REQUIRED WORK> Only the lines below from the one containing "- pillow <box>0,0,45,104</box>" through the last line should be set down, exactly as written and with no pictures.

++++++

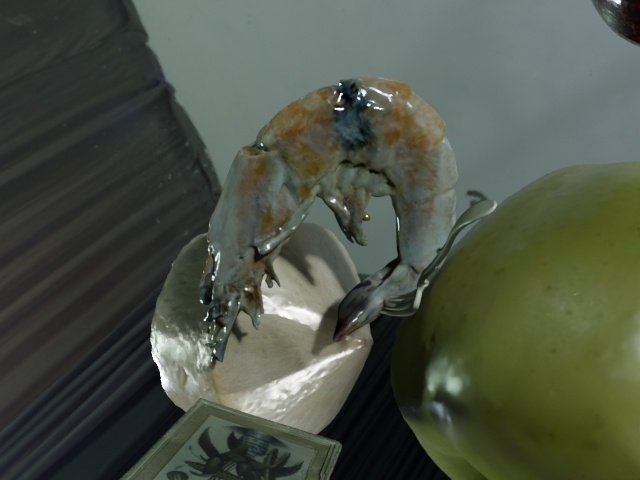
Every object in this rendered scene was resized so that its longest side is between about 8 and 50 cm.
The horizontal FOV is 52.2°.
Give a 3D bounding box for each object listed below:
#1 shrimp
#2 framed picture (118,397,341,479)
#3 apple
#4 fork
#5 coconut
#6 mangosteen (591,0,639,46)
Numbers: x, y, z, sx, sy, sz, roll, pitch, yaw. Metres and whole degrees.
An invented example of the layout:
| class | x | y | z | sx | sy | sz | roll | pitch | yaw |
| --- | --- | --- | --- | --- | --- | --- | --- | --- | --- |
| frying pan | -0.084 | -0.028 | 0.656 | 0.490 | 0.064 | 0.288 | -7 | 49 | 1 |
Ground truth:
| class | x | y | z | sx | sy | sz | roll | pitch | yaw |
| --- | --- | --- | --- | --- | --- | --- | --- | --- | --- |
| shrimp | 0.000 | 0.000 | 0.687 | 0.247 | 0.085 | 0.360 | 35 | 100 | -13 |
| framed picture | -0.079 | 0.220 | 0.623 | 0.173 | 0.231 | 0.010 | 15 | 100 | 8 |
| apple | 0.321 | 0.139 | 0.763 | 0.474 | 0.473 | 0.473 | 25 | 139 | 24 |
| fork | 0.106 | 0.022 | 0.589 | 0.028 | 0.034 | 0.219 | 37 | 148 | 4 |
| coconut | -0.062 | 0.116 | 0.878 | 0.329 | 0.329 | 0.329 | 25 | 139 | 24 |
| mangosteen | 0.414 | -0.306 | 0.659 | 0.288 | 0.288 | 0.288 | 25 | 139 | 24 |
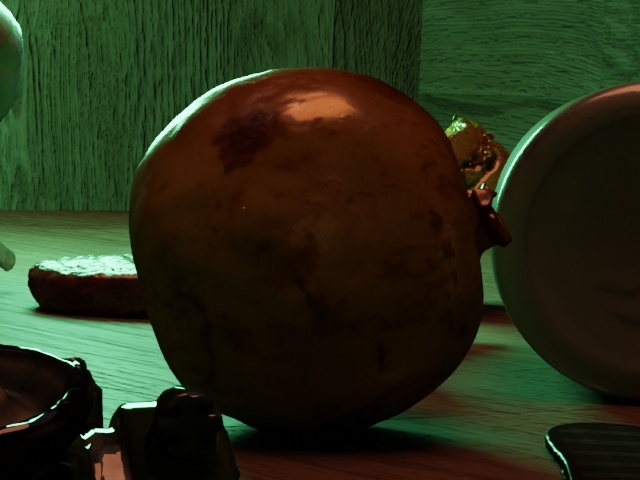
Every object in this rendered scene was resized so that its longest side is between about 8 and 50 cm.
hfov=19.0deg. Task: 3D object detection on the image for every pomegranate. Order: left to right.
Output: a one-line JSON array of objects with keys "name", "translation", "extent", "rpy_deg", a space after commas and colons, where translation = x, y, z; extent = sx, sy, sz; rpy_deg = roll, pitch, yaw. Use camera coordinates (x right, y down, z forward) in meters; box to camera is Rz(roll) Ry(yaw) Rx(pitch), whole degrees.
[{"name": "pomegranate", "translation": [0.000, 0.000, 1.065], "extent": [0.215, 0.215, 0.215], "rpy_deg": [2, 3, 0]}]

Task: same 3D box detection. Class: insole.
[{"name": "insole", "translation": [0.169, 0.117, 0.909], "extent": [0.110, 0.012, 0.309], "rpy_deg": [1, 4, -2]}]

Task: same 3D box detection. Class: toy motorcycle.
[{"name": "toy motorcycle", "translation": [-0.141, 0.065, 0.608], "extent": [0.205, 0.127, 0.275], "rpy_deg": [-2, 7, -14]}]

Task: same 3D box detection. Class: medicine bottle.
[{"name": "medicine bottle", "translation": [0.225, -0.008, 1.374], "extent": [0.208, 0.208, 0.339], "rpy_deg": [3, 3, 5]}]

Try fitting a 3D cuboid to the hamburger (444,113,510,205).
[{"name": "hamburger", "translation": [0.101, -0.028, 1.853], "extent": [0.108, 0.214, 0.214], "rpy_deg": [43, 2, -3]}]

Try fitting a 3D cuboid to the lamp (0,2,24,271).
[{"name": "lamp", "translation": [-0.382, -0.081, 1.840], "extent": [0.247, 0.301, 0.247], "rpy_deg": [-15, -46, 31]}]

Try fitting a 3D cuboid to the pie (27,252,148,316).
[{"name": "pie", "translation": [-0.171, 0.037, 1.707], "extent": [0.182, 0.050, 0.182], "rpy_deg": [0, 4, 0]}]
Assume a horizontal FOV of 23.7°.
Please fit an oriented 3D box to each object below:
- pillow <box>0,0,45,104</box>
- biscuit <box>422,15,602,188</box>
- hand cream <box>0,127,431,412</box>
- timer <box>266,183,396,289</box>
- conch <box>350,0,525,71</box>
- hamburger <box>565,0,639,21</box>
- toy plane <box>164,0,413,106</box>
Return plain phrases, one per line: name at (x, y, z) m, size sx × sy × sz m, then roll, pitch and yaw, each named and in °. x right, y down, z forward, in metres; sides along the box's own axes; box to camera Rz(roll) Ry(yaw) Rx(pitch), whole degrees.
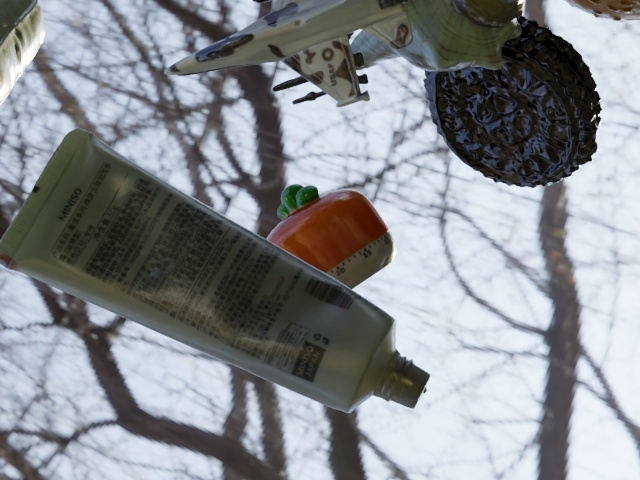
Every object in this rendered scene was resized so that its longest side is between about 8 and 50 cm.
pillow at (-0.355, -0.112, 1.115) m, size 0.255 × 0.322 × 0.120 m, roll 0°, pitch -64°, yaw 6°
biscuit at (0.187, -0.136, 1.501) m, size 0.053 × 0.194 × 0.194 m, roll -51°, pitch -48°, yaw -38°
hand cream at (-0.073, 0.039, 1.154) m, size 0.124 × 0.340 × 0.078 m, roll -61°, pitch -9°, yaw -14°
timer at (0.000, 0.000, 1.510) m, size 0.136 × 0.099 × 0.136 m, roll 7°, pitch -113°, yaw -16°
conch at (0.100, -0.211, 1.383) m, size 0.137 × 0.234 × 0.114 m, roll 67°, pitch -149°, yaw -26°
hamburger at (0.308, -0.338, 1.494) m, size 0.212 × 0.274 × 0.274 m, roll -56°, pitch -48°, yaw -26°
toy plane at (-0.019, -0.175, 1.280) m, size 0.082 × 0.234 × 0.160 m, roll 8°, pitch -114°, yaw -57°
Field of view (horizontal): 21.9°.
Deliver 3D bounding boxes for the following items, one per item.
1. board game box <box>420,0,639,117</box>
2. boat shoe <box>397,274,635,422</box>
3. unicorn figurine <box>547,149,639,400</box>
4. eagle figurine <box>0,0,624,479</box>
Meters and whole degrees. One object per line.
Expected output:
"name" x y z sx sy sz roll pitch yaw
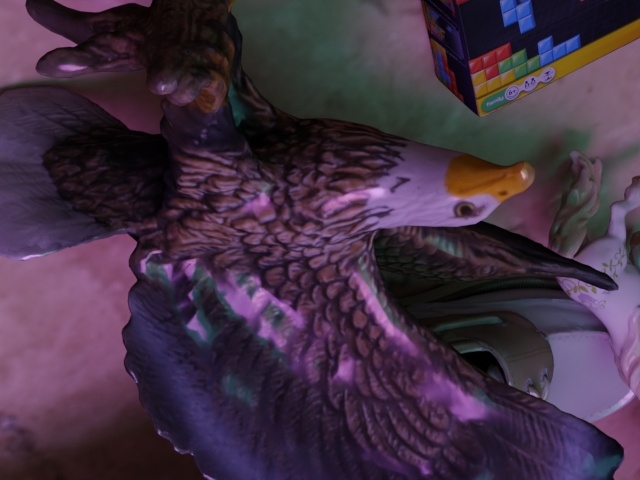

++++++

OUTPUT>
- pillow <box>0,0,45,104</box>
- biscuit <box>422,15,602,188</box>
- hand cream <box>0,127,431,412</box>
- timer <box>266,183,396,289</box>
- conch <box>350,0,525,71</box>
- hamburger <box>565,0,639,21</box>
- toy plane <box>164,0,413,106</box>
Return plain phrases, one per line: name at (x, y, z) m, size sx × sy × sz m, then roll, pitch and yaw, each named and in °. x right, y down, z forward, in metres; sides along the box's own axes; box to camera Rz(roll) Ry(yaw) Rx(pitch), whole degrees.
Every object in this rendered scene was resized so that its longest side is between about 8 and 50 cm.
pillow at (-0.355, -0.112, 1.115) m, size 0.255 × 0.322 × 0.120 m, roll 0°, pitch -64°, yaw 6°
biscuit at (0.187, -0.136, 1.501) m, size 0.053 × 0.194 × 0.194 m, roll -51°, pitch -48°, yaw -38°
hand cream at (-0.073, 0.039, 1.154) m, size 0.124 × 0.340 × 0.078 m, roll -61°, pitch -9°, yaw -14°
timer at (0.000, 0.000, 1.510) m, size 0.136 × 0.099 × 0.136 m, roll 7°, pitch -113°, yaw -16°
conch at (0.100, -0.211, 1.383) m, size 0.137 × 0.234 × 0.114 m, roll 67°, pitch -149°, yaw -26°
hamburger at (0.308, -0.338, 1.494) m, size 0.212 × 0.274 × 0.274 m, roll -56°, pitch -48°, yaw -26°
toy plane at (-0.019, -0.175, 1.280) m, size 0.082 × 0.234 × 0.160 m, roll 8°, pitch -114°, yaw -57°
Field of view (horizontal): 21.9°.
Deliver 3D bounding boxes for the following items, one per item.
1. board game box <box>420,0,639,117</box>
2. boat shoe <box>397,274,635,422</box>
3. unicorn figurine <box>547,149,639,400</box>
4. eagle figurine <box>0,0,624,479</box>
Meters and whole degrees. One object per line.
Expected output:
"name" x y z sx sy sz roll pitch yaw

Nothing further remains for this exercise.